7. The method for preparing a polycarbonate of claim 1, wherein the temperature of the steam is 210 C. to 230 C.

8. The method for preparing a polycarbonate of claim 1, wherein the pressure of the steam is 17 to 23 kgf/cm.sup.2.

9. The method for preparing a polycarbonate of claim 1, wherein the prepared polycarbonate has a YI value of 1.0 or less as measure according to ASTM D1925.

10. The method for preparing a polycarbonate of claim 1, wherein the prepared polycarbonate has a reduction in weight average molecular weight of 400 g/mol or less after allowing it to stand for 168 hours at 85 C. and 85% relative humidity.

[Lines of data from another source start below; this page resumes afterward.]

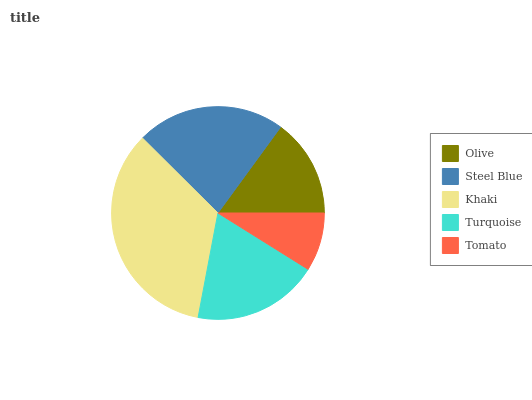Is Tomato the minimum?
Answer yes or no. Yes. Is Khaki the maximum?
Answer yes or no. Yes. Is Steel Blue the minimum?
Answer yes or no. No. Is Steel Blue the maximum?
Answer yes or no. No. Is Steel Blue greater than Olive?
Answer yes or no. Yes. Is Olive less than Steel Blue?
Answer yes or no. Yes. Is Olive greater than Steel Blue?
Answer yes or no. No. Is Steel Blue less than Olive?
Answer yes or no. No. Is Turquoise the high median?
Answer yes or no. Yes. Is Turquoise the low median?
Answer yes or no. Yes. Is Steel Blue the high median?
Answer yes or no. No. Is Khaki the low median?
Answer yes or no. No. 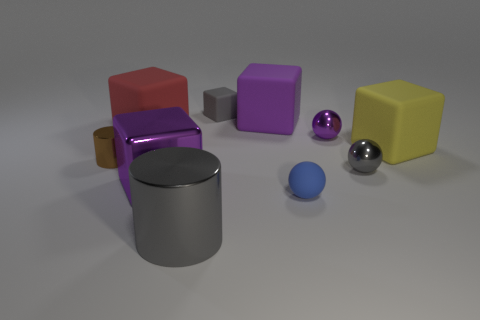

11. The method for preparing a polycarbonate of claim 1, wherein the prepared polycarbonate has a reduction in impact strength at room temperature (measured at 23 C. according to ASTM D256 ( inch, Notched Izod)) of 100 J/m after allowing it to stand for 168 hours at 85 C. and 85% relative humidity.

12. The method for preparing a polycarbonate of claim 1, wherein a steam ejector is used for spraying the steam onto polycarbonate polymerization solution.

Description

DETAILED DESCRIPTION OF THE EMBODIMENTS

(1) Below, preferred examples are provided to aid in the understanding of the present invention. However, the following examples are provided only for illustration of the invention, and should not be construed as limiting the scope of the present invention thereto.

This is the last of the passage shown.